## YOUR ASSIGNMENT:
Each line below from the one containing "proposed access road,</text>" through the one containing "to stop vehicles</text>" is to be given again exactly, and no line outside that span.

## MATERIALS PROVIDED:
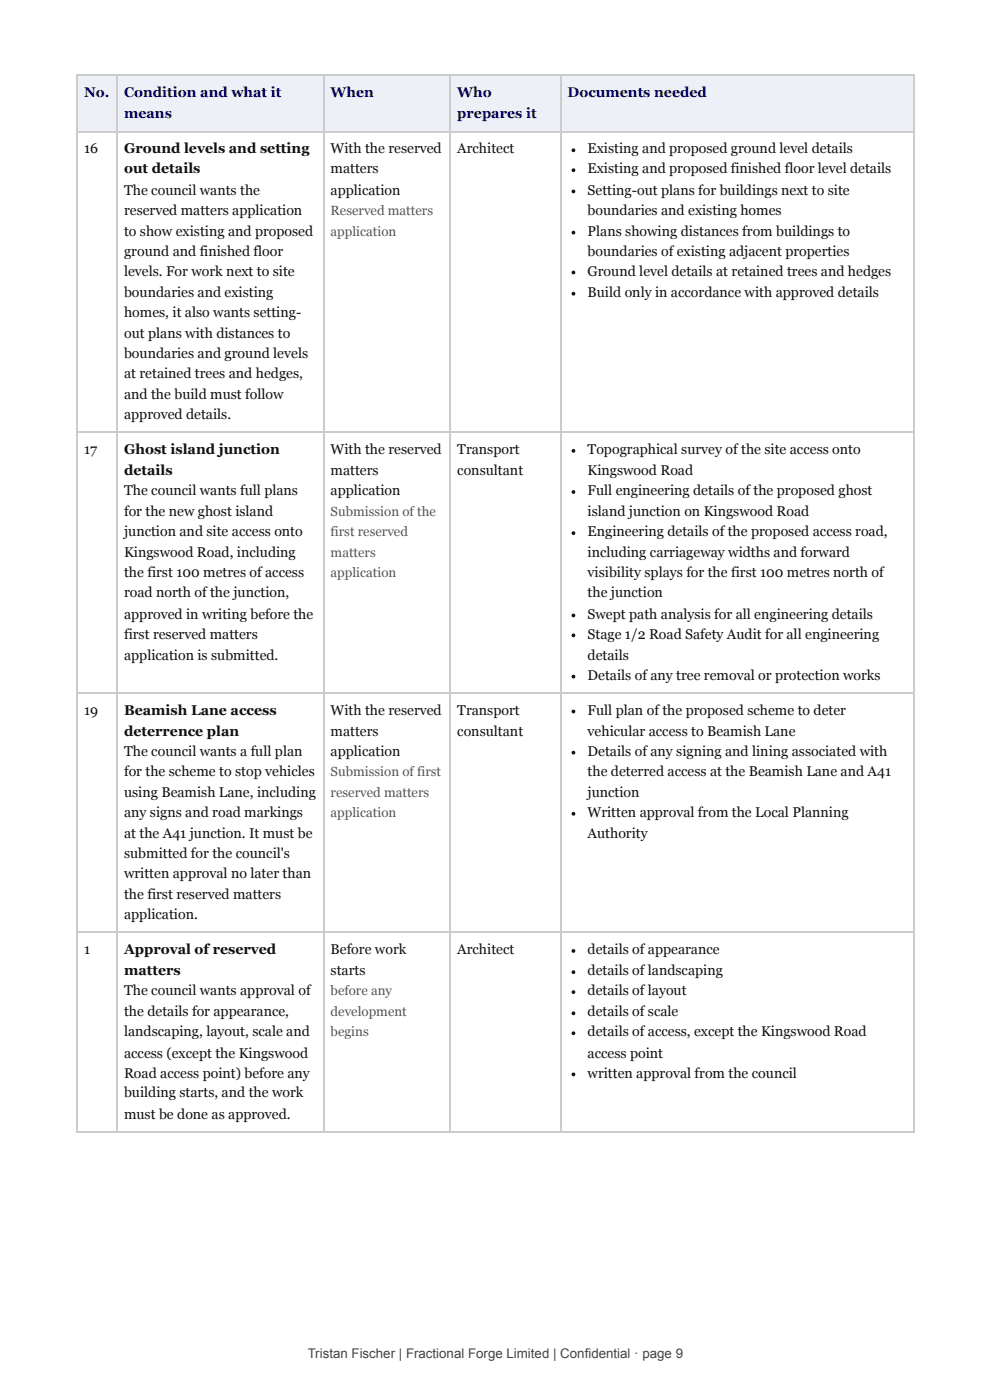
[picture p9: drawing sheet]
<svg xmlns="http://www.w3.org/2000/svg" width="210mm" height="297mm" viewBox="0 0 210 297" stroke-linecap="round" stroke-linejoin="round" font-family="sans-serif">
<defs><g id="words">
<g font-size="3" fill="#000080">
<text x="17.8" y="20.6">No.</text>
<text x="26.3" y="20.6">Condition and what it</text>
<text x="70.1" y="20.6">When</text>
<text x="96.9" y="20.6">Who</text>
<text x="120.3" y="20.6">Documents needed</text>
<text x="26.3" y="25.1">means</text>
<text x="96.9" y="25.1">prepares it</text>
</g>
<g font-size="3" fill="#111">
<text x="17.8" y="32.5">16</text>
<text x="26.3" y="32.5">Ground levels and setting</text>
<text x="70.1" y="32.5">With the reserved</text>
<text x="96.9" y="32.5">Architect</text>
<text x="124.6" y="32.5">Existing and proposed ground level details</text>
<text x="26.3" y="36.8">out details</text>
<text x="26.3" y="41.3">The council wants the</text>
<text x="70.1" y="36.8">matters</text>
<text x="70.1" y="41.3">application</text>
<text x="124.6" y="36.8">Existing and proposed finished floor level details</text>
<text x="124.6" y="41.3">Setting-out plans for buildings next to site</text>
<text x="26.3" y="45.5">reserved matters application</text>
<text x="124.6" y="45.5">boundaries and existing homes</text>
<text x="26.3" y="50">to show existing and proposed</text>
<text x="124.6" y="50">Plans showing distances from buildings to</text>
<text x="26.3" y="54.2">ground and finished floor</text>
<text x="26.3" y="58.5">levels. For work next to site</text>
<text x="124.6" y="54.2">boundaries of existing adjacent properties</text>
<text x="124.6" y="58.5">Ground level details at retained trees and hedges</text>
<text x="26.3" y="63">boundaries and existing</text>
<text x="124.6" y="63">Build only in accordance with approved details</text>
<text x="26.3" y="67.2">homes, it also wants setting-</text>
<text x="26.3" y="71.7">out plans with distances to</text>
<text x="26.3" y="75.9">boundaries and ground levels</text>
<text x="26.3" y="80.2">at retained trees and hedges,</text>
<text x="26.3" y="84.7">and the build must follow</text>
<text x="26.3" y="88.9">approved details.</text>
<text x="17.8" y="96.3">17</text>
<text x="26.3" y="96.3">Ghost island junction</text>
<text x="26.3" y="100.8">details</text>
<text x="70.1" y="96.3">With the reserved</text>
<text x="70.1" y="100.8">matters</text>
<text x="96.9" y="96.3">Transport</text>
<text x="96.9" y="100.8">consultant</text>
<text x="124.6" y="96.3">Topographical survey of the site access onto</text>
<text x="124.6" y="100.8">Kingswood Road</text>
<text x="26.3" y="105">The council wants full plans</text>
<text x="70.1" y="105">application</text>
<text x="124.6" y="105">Full engineering details of the proposed ghost</text>
<text x="26.3" y="109.5">for the new ghost island</text>
<text x="26.3" y="113.8">junction and site access onto</text>
<text x="124.6" y="109.5">island junction on Kingswood Road</text>
<text x="124.6" y="113.8">Engineering details of the proposed access road,</text>
<text x="26.3" y="118.3">Kingswood Road, including</text>
<text x="124.6" y="118.3">including carriageway widths and forward</text>
<text x="26.3" y="122.5">the first 100 metres of access</text>
<text x="124.6" y="122.5">visibility splays for the first 100 metres north of</text>
<text x="26.3" y="126.7">road north of the junction,</text>
<text x="26.3" y="131.2">approved in writing before the</text>
<text x="124.6" y="126.7">the junction</text>
<text x="124.6" y="131.2">Swept path analysis for all engineering details</text>
<text x="26.3" y="135.5">first reserved matters</text>
<text x="124.6" y="135.5">Stage 1/2 Road Safety Audit for all engineering</text>
<text x="26.3" y="140">application is submitted.</text>
<text x="124.6" y="140">details</text>
<text x="124.6" y="144.2">Details of any tree removal or protection works</text>
<text x="17.8" y="151.6">19</text>
<text x="26.3" y="151.6">Beamish Lane access</text>
<text x="70.1" y="151.6">With the reserved</text>
<text x="96.9" y="151.6">Transport</text>
<text x="124.6" y="151.6">Full plan of the proposed scheme to deter</text>
<text x="26.3" y="156.1">deterrence plan</text>
<text x="26.3" y="160.3">The council wants a full plan</text>
<text x="70.1" y="156.1">matters</text>
<text x="70.1" y="160.3">application</text>
<text x="96.9" y="156.1">consultant</text>
<text x="124.6" y="156.1">vehicular access to Beamish Lane</text>
<text x="124.6" y="160.3">Details of any signing and lining associated with</text>
<text x="26.3" y="164.6">for the scheme to stop vehicles</text>
<text x="124.6" y="164.6">the deterred access at the Beamish Lane and A41</text>
<text x="26.3" y="169.1">using Beamish Lane, including</text>
<text x="26.3" y="173.3">any signs and road markings</text>
<text x="124.6" y="169.1">junction</text>
<text x="124.6" y="173.3">Written approval from the Local Planning</text>
<text x="26.3" y="177.8">at the A41 junction. It must be</text>
<text x="124.6" y="177.8">Authority</text>
<text x="26.3" y="182">submitted for the council's</text>
<text x="26.3" y="186.3">written approval no later than</text>
<text x="26.3" y="190.8">the first reserved matters</text>
<text x="26.3" y="195">application.</text>
<text x="17.8" y="202.4">1</text>
<text x="26.3" y="202.4">Approval ofreserved</text>
<text x="70.1" y="202.4">Before work</text>
<text x="96.9" y="202.4">Architect</text>
<text x="124.6" y="202.4">details of appearance</text>
<text x="26.3" y="206.9">matters</text>
<text x="70.1" y="206.9">starts</text>
<text x="124.6" y="206.9">details of landscaping</text>
<text x="26.3" y="211.1">The council wants approval of</text>
<text x="26.3" y="215.6">the details for appearance,</text>
<text x="124.6" y="211.1">details of layout</text>
<text x="124.6" y="215.6">details of scale</text>
<text x="26.3" y="219.9">landscaping, layout, scale and</text>
<text x="124.6" y="219.9">details of access, except the Kingswood Road</text>
<text x="26.3" y="224.4">access (except the Kingswood</text>
<text x="124.6" y="224.4">access point</text>
<text x="26.3" y="228.6">Road access point) before any</text>
<text x="26.3" y="232.8">building starts, and the work</text>
<text x="124.6" y="228.6">written approval from the council</text>
<text x="26.3" y="237.3">must be done as approved.</text>
</g>
<g font-size="2.8" fill="#555">
<text x="70.1" y="45.5">Reserved matters</text>
<text x="70.1" y="50">application</text>
<text x="70.1" y="109.5">Submission of the</text>
<text x="70.1" y="113.8">first reserved</text>
<text x="70.1" y="118.3">matters</text>
<text x="70.1" y="122.5">application</text>
<text x="70.1" y="164.6">Submission of first</text>
<text x="70.1" y="169.1">reserved matters</text>
<text x="70.1" y="173.3">application</text>
<text x="70.1" y="211.1">before any</text>
<text x="70.1" y="215.6">development</text>
<text x="70.1" y="219.9">begins</text>
</g>
<text font-size="2.8" fill="#444" x="65.2" y="288.1">Tristan Fischer | Fractional Forge Limited | Confidential · page 9</text>
</g></defs>
<g fill="#eef0f8">
<path d="M16.4 16.1h8.5v11.7h-8.5z"/>
<path d="M24.9 16.1h43.6v11.7h-43.6z"/>
<path d="M68.5 16.1h27v11.7h-27z"/>
<path d="M95.5 16.1h23.3v11.7h-23.3z"/>
<path d="M118.8 16.1h75.1v11.7h-75.1z"/>
</g>
<path d="M16.1 16h177.8M16.3 15.9v224.1M24.7 15.9v224.1M68.7 15.9v224.1M95.4 15.9v224.1M118.9 15.9v224.1M193.8 15.9v224.1M16.1 27.9h177.8M16.1 91.7h177.8M16.1 147h177.8M16.1 197.8h177.8M16.1 240.1h177.8" fill="none" stroke="#ccc" stroke-width=".26"/>
<g fill="#111">
<circle cx="121.6" cy="31.9" r=".4"/>
<circle cx="121.6" cy="36.1" r=".4"/>
<circle cx="121.6" cy="40.6" r=".4"/>
<circle cx="121.6" cy="49.3" r=".4"/>
<circle cx="121.6" cy="57.8" r=".4"/>
<circle cx="121.6" cy="62.3" r=".4"/>
<circle cx="121.6" cy="95.6" r=".4"/>
<circle cx="121.6" cy="104.4" r=".4"/>
<circle cx="121.6" cy="113.1" r=".4"/>
<circle cx="121.6" cy="130.6" r=".4"/>
<circle cx="121.6" cy="134.8" r=".4"/>
<circle cx="121.6" cy="143.5" r=".4"/>
<circle cx="121.6" cy="150.9" r=".4"/>
<circle cx="121.6" cy="159.7" r=".4"/>
<circle cx="121.6" cy="172.6" r=".4"/>
<circle cx="121.6" cy="201.7" r=".4"/>
<circle cx="121.6" cy="206.2" r=".4"/>
<circle cx="121.6" cy="210.5" r=".4"/>
<circle cx="121.6" cy="215" r=".4"/>
<circle cx="121.6" cy="219.2" r=".4"/>
<circle cx="121.6" cy="227.9" r=".4"/>
</g>
<use href="#words"/>
</svg>

## RESPONSE FOR THIS EXERCISE:
<text x="124.6" y="113.8">Engineering details of the proposed access road,</text>
<text x="26.3" y="118.3">Kingswood Road, including</text>
<text x="124.6" y="118.3">including carriageway widths and forward</text>
<text x="26.3" y="122.5">the first 100 metres of access</text>
<text x="124.6" y="122.5">visibility splays for the first 100 metres north of</text>
<text x="26.3" y="126.7">road north of the junction,</text>
<text x="26.3" y="131.2">approved in writing before the</text>
<text x="124.6" y="126.7">the junction</text>
<text x="124.6" y="131.2">Swept path analysis for all engineering details</text>
<text x="26.3" y="135.5">first reserved matters</text>
<text x="124.6" y="135.5">Stage 1/2 Road Safety Audit for all engineering</text>
<text x="26.3" y="140">application is submitted.</text>
<text x="124.6" y="140">details</text>
<text x="124.6" y="144.2">Details of any tree removal or protection works</text>
<text x="17.8" y="151.6">19</text>
<text x="26.3" y="151.6">Beamish Lane access</text>
<text x="70.1" y="151.6">With the reserved</text>
<text x="96.9" y="151.6">Transport</text>
<text x="124.6" y="151.6">Full plan of the proposed scheme to deter</text>
<text x="26.3" y="156.1">deterrence plan</text>
<text x="26.3" y="160.3">The council wants a full plan</text>
<text x="70.1" y="156.1">matters</text>
<text x="70.1" y="160.3">application</text>
<text x="96.9" y="156.1">consultant</text>
<text x="124.6" y="156.1">vehicular access to Beamish Lane</text>
<text x="124.6" y="160.3">Details of any signing and lining associated with</text>
<text x="26.3" y="164.6">for the scheme to stop vehicles</text>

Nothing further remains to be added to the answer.